Da wir früh losmarschiert waren, kamen wir bereits um vier Uhr bei der 8. Station an, worauf uns sogleich das Abendessen aufgetischt wurde. Denn wer früh aufbrechen will, muss früh ins Bett! Dass wir im Gegensatz zu den meisten Asiaten uns nicht einfach hinlegen und in Tiefschlaf fallen können, spielte dabei keine Rolle. So lagen wir die nächsten Stunden mit Dutzenden weiteren Bergsteigern eingepfercht in einem muffligen, unbequemen Massenschlag und warteten, bis wir um drei Uhr morgens weiterlaufen konnten.

Vor dem Fujisan-Hotel, 8th station, 3400 m.ü.M.
Die letzte Etappe bis zum Gipfel glich einer eigentlichen Prozession - im Dunkeln konnte man lediglich die langen Lichterketten erkennen, die durch die vielen Stirnlampen gebildet wurden und sich den Berg hinaufschlängelten. Da auf dieser Höhe die verschiedenen Routen zusammentreffen, war das Gedränge auf dem Weg entsprechend gross, sodass es zu regelrechten Staus kam. Mit viel Geduld und ein wenig Ellenbogeneinsatz erreichten wir genau zum Sonnenaufgang, der sich wegen der dichten Wolken ein wenig verzögerte, den Gipfel und konnten uns mit vielen weiteren erschöpften Wanderern der wunderschönen Aussicht erfreuen.

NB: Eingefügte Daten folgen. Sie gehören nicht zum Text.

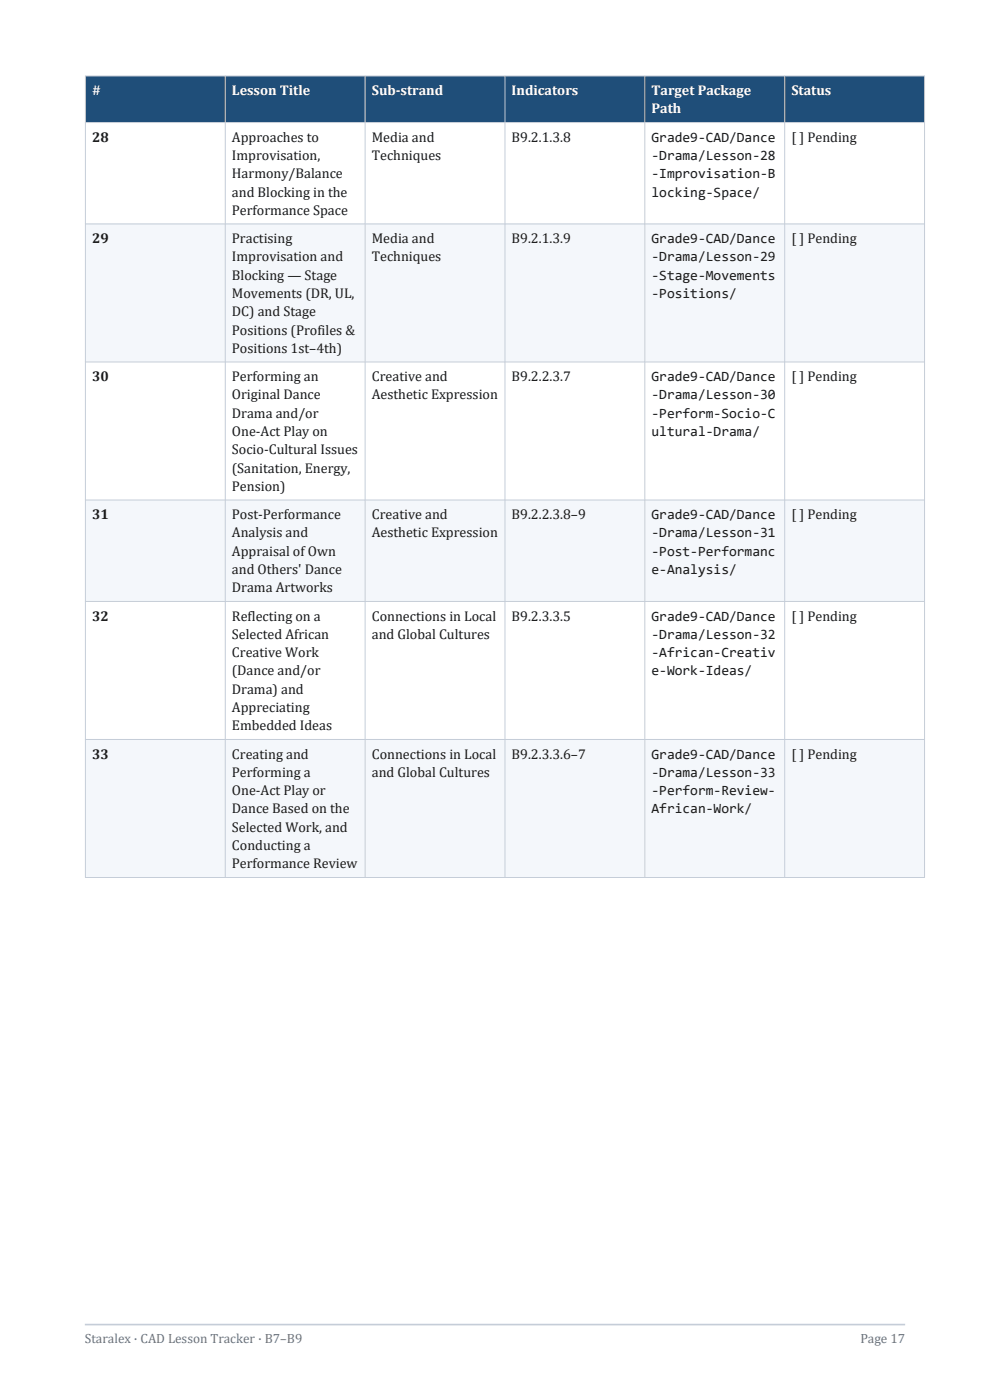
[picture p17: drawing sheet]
<svg xmlns="http://www.w3.org/2000/svg" width="210mm" height="297mm" viewBox="0 0 210 297" stroke-linecap="round" stroke-linejoin="round" font-family="sans-serif">
<defs><g id="words">
<g font-size="3" fill="#fff">
<text x="19.5" y="20.2">#</text>
<text x="49.2" y="20.2">Lesson Title</text>
<text x="78.9" y="20.2">Sub-strand</text>
<text x="108.5" y="20.2">Indicators</text>
<text x="138.2" y="20.2">Target Package</text>
<text x="167.9" y="20.2">Status</text>
<text x="138.2" y="24.1">Path</text>
</g>
<g font-size="3" fill="#1a1a1a">
<text x="19.5" y="30.1">28</text>
<text x="49.2" y="30.1">Approaches to</text>
<text x="49.2" y="33.9">Improvisation,</text>
<text x="78.9" y="30.1">Media and</text>
<text x="78.9" y="33.9">Techniques</text>
<text x="108.5" y="30.1">B9.2.1.3.8</text>
<text x="138.2" y="30.1">Grade9-CAD/Dance</text>
<text x="138.2" y="33.9">-Drama/Lesson-28</text>
<text x="167.9" y="30.1">[ ] Pending</text>
<text x="49.2" y="37.8">Harmony/Balance</text>
<text x="49.2" y="41.7">and Blocking in the</text>
<text x="138.2" y="37.8">-Improvisation-B</text>
<text x="138.2" y="41.7">locking-Space/</text>
<text x="49.2" y="45.6">Performance Space</text>
<text x="19.5" y="51.6">29</text>
<text x="49.2" y="51.6">Practising</text>
<text x="78.9" y="51.6">Media and</text>
<text x="108.5" y="51.6">B9.2.1.3.9</text>
<text x="138.2" y="51.6">Grade9-CAD/Dance</text>
<text x="167.9" y="51.6">[ ] Pending</text>
<text x="49.2" y="55.5">Improvisation and</text>
<text x="49.2" y="59.3">Blocking — Stage</text>
<text x="78.9" y="55.5">Techniques</text>
<text x="138.2" y="55.5">-Drama/Lesson-29</text>
<text x="138.2" y="59.3">-Stage-Movements</text>
<text x="49.2" y="63.2">Movements (DR, UL,</text>
<text x="138.2" y="63.2">-Positions/</text>
<text x="49.2" y="67.1">DC) and Stage</text>
<text x="49.2" y="71">Positions (Profiles &amp;</text>
<text x="49.2" y="74.9">Positions 1st–4th)</text>
<text x="19.5" y="80.9">30</text>
<text x="49.2" y="80.9">Performing an</text>
<text x="78.9" y="80.9">Creative and</text>
<text x="108.5" y="80.9">B9.2.2.3.7</text>
<text x="138.2" y="80.9">Grade9-CAD/Dance</text>
<text x="167.9" y="80.9">[ ] Pending</text>
<text x="49.2" y="84.7">Original Dance</text>
<text x="49.2" y="88.6">Drama and/or</text>
<text x="78.9" y="84.7">Aesthetic Expression</text>
<text x="138.2" y="84.7">-Drama/Lesson-30</text>
<text x="138.2" y="88.6">-Perform-Socio-C</text>
<text x="49.2" y="92.5">One-Act Play on</text>
<text x="138.2" y="92.5">ultural-Drama/</text>
<text x="49.2" y="96.4">Socio-Cultural Issues</text>
<text x="49.2" y="100.3">(Sanitation, Energy,</text>
<text x="49.2" y="104.1">Pension)</text>
<text x="19.5" y="110.1">31</text>
<text x="49.2" y="110.1">Post-Performance</text>
<text x="78.9" y="110.1">Creative and</text>
<text x="108.5" y="110.1">B9.2.2.3.8–9</text>
<text x="138.2" y="110.1">Grade9-CAD/Dance</text>
<text x="167.9" y="110.1">[ ] Pending</text>
<text x="49.2" y="114">Analysis and</text>
<text x="49.2" y="117.9">Appraisal of Own</text>
<text x="78.9" y="114">Aesthetic Expression</text>
<text x="138.2" y="114">-Drama/Lesson-31</text>
<text x="138.2" y="117.9">-Post-Performanc</text>
<text x="49.2" y="121.8">and Others' Dance</text>
<text x="49.2" y="125.7">Drama Artworks</text>
<text x="138.2" y="121.8">e-Analysis/</text>
<text x="19.5" y="131.7">32</text>
<text x="49.2" y="131.7">Reflecting on a</text>
<text x="78.9" y="131.7">Connections in Local</text>
<text x="108.5" y="131.7">B9.2.3.3.5</text>
<text x="138.2" y="131.7">Grade9-CAD/Dance</text>
<text x="167.9" y="131.7">[ ] Pending</text>
<text x="49.2" y="135.5">Selected African</text>
<text x="78.9" y="135.5">and Global Cultures</text>
<text x="138.2" y="135.5">-Drama/Lesson-32</text>
<text x="49.2" y="139.4">Creative Work</text>
<text x="49.2" y="143.3">(Dance and/or</text>
<text x="138.2" y="139.4">-African-Creativ</text>
<text x="138.2" y="143.3">e-Work-Ideas/</text>
<text x="49.2" y="147.2">Drama) and</text>
<text x="49.2" y="151.1">Appreciating</text>
<text x="49.2" y="154.9">Embedded Ideas</text>
<text x="19.5" y="160.9">33</text>
<text x="49.2" y="160.9">Creating and</text>
<text x="78.9" y="160.9">Connections in Local</text>
<text x="108.5" y="160.9">B9.2.3.3.6–7</text>
<text x="138.2" y="160.9">Grade9-CAD/Dance</text>
<text x="167.9" y="160.9">[ ] Pending</text>
<text x="49.2" y="164.8">Performing a</text>
<text x="78.9" y="164.8">and Global Cultures</text>
<text x="138.2" y="164.8">-Drama/Lesson-33</text>
<text x="49.2" y="168.7">One-Act Play or</text>
<text x="49.2" y="172.6">Dance Based on the</text>
<text x="138.2" y="168.7">-Perform-Review-</text>
<text x="138.2" y="172.6">African-Work/</text>
<text x="49.2" y="176.5">Selected Work, and</text>
<text x="49.2" y="180.3">Conducting a</text>
<text x="49.2" y="184.2">Performance Review</text>
</g>
<g font-size="2.8" fill="#667085">
<text x="18" y="285">Staralex · CAD Lesson Tracker · B7–B9</text>
<text x="182.5" y="285">Page 17</text>
</g>
</g></defs>
<path d="M18 281h174" fill="none" stroke="#c5cdd8" stroke-width=".35"/>
<path d="M18.1 16.1h178v9.9h-178z" fill-rule="evenodd" fill="#1f4e79"/>
<path d="M18.1 26h178v21.5h-178z" fill-rule="evenodd" fill="#fff"/>
<path d="M18.1 47.5h178v29.3h-178z" fill-rule="evenodd" fill="#f4f7fb"/>
<path d="M18.1 76.8h178v29.3h-178z" fill-rule="evenodd" fill="#fff"/>
<path d="M18.1 106.1h178v21.5h-178z" fill-rule="evenodd" fill="#f4f7fb"/>
<path d="M18.1 127.6h178v29.3h-178z" fill-rule="evenodd" fill="#fff"/>
<path d="M18.1 156.9h178v29.3h-178z" fill-rule="evenodd" fill="#f4f7fb"/>
<path d="M18.1 16.1h178v170.1h-178zM47.8 16.1v170.1M77.5 16.1v170.1M107.1 16.1v170.1M136.8 16.1v170.1M166.4 16.1v170.1M18.1 26h178M18.1 47.5h178M18.1 76.8h178M18.1 106.1h178M18.1 127.6h178M18.1 156.9h178" fill="none" stroke="#c5cdd8" stroke-width=".21"/>
<use href="#words"/>
</svg>

Zwei Löwen bewachen den Torii, durch den man gehen muss. Das Ziel ist erreicht! Der Fuji-san mit 3776 m.ü.M. ist erklommen! Zeit: ca. 04.40 Uhr.

Man beachte die Handschuhe (fast schon japanisch...)

Es gibt tausende von Sonnenaufgängen auf dem Mount Fuji!

Blick auf den Yamanaka-ko-See

Beim Kraterrand
Wir trotzten der eisigen Kälte und dem beissenden Wind jedoch nur kurz, bevor wir uns nach einem heissen Kaffee und einer Miso-Suppo wieder auf den Weg hinunter machten. Der Abstieg war im grossen und ganzen eine einzige Rutschpartie, der lose Schotter brachte so manchen zu Fall.
Nach zackigen 3 Stunden erreichten wir schliesslich wieder unseren Ausgangspunkt und wir verstanden nun, weshalb wir am Vortag so viele Rückkehrer gesehen hatten, die zwar zu Tode erschöpft aussahen, dafür aber ein zufriedenes Lächeln im Gesicht trugen. Auch wir waren nun stolz auf uns, hatten wir den verehrten und gefürchteten Fuji-san, den Piz Palü Japans, bezwungen!